兎にも角にも、幹部1人を兄貴と2人で倒せたのはよかったっすよね…。

これでリュウジの旦那にも褒めてもらえること間違いないっすね!


~~スガル&ミングペア 俊足の兎死団 幹部 ジンシープ 撃破!~~


~ソウタロウの視点~


リュウジ様と別れてすぐにこちらに向かって来る白い人影を発見しました。

おそらく幹部の中で1番あしがはやいサカチキとかいう鶏頭でしょう。

長期戦になるとほかの人達のフォローに行けません。手っ取り早く済ませてしまい

ましょう。


「止まりなさい。ここから先は通しません」

「チキ―!?なんだお前は。お前が侵入者チキか?」

「だとしたらどうするのですか?」

「おいらの相手をしたこと、後悔させてやるチキ!」

「やれるものならやってみなさい!」


口喧嘩はこれぐらいにして早速捕まえてしまいましょうか。


「先手必勝チキ!くらえ!『子鶏の円舞曲(ヒヨコのワルツ)』!」


先手を打とうとした私よりも前に相手が攻撃を仕掛けてきました。

後ろから追いかけてきていたのであろう何人かの相手の部下らしき鶏頭族の男たちが

前に出てきて私の周りをグルグル回り始めました。どうやら私の取り囲んで全方向から攻撃を仕掛けるつもりのようですね。
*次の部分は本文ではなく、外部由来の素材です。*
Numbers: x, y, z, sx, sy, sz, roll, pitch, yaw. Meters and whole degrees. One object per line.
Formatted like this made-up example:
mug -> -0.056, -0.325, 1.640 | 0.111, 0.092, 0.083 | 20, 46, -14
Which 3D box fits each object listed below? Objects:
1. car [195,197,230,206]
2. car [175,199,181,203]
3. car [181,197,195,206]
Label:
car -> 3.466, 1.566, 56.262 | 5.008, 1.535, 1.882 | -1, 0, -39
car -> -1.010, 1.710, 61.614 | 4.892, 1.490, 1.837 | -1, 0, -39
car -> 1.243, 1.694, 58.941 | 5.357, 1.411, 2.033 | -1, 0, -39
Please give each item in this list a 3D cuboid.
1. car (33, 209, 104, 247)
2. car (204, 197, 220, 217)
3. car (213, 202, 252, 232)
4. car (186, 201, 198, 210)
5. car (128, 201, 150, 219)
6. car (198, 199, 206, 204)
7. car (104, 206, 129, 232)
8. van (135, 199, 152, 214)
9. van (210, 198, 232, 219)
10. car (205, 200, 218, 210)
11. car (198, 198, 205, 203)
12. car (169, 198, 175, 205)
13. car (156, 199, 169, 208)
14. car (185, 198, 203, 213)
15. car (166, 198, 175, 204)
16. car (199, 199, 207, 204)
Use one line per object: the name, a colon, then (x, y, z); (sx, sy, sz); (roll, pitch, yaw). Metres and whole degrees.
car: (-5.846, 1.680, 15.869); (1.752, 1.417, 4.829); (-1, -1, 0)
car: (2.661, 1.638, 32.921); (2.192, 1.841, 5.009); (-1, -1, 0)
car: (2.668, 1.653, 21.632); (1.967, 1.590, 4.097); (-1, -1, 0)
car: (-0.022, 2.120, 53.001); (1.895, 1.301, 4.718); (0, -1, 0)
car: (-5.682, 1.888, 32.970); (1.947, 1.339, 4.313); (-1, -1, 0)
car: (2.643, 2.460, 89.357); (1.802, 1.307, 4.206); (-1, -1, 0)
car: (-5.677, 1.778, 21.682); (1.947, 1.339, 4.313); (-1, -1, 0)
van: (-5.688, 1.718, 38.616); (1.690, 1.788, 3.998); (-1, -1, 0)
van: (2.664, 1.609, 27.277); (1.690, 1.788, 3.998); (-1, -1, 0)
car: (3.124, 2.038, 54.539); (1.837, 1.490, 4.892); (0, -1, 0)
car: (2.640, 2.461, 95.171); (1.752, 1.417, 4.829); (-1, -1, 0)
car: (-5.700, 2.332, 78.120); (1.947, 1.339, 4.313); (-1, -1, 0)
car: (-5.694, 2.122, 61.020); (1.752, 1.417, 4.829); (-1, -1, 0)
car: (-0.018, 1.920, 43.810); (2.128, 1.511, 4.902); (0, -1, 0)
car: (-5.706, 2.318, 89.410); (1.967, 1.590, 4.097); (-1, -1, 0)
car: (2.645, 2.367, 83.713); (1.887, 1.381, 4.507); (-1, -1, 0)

やはり意外と強いようです。警戒を怠らないようにしなければ。


「今だチキ!一斉に攻撃しろだチキ!」

「「うおぉぉぉぉ!!!」」

「無駄です。『エアーウォール』」


全方向といっても必ず隙があります。逃げ場所がないのならば自分で作ればいいのです。私は風魔法を使って自分の体を浮かせて上に逃げました。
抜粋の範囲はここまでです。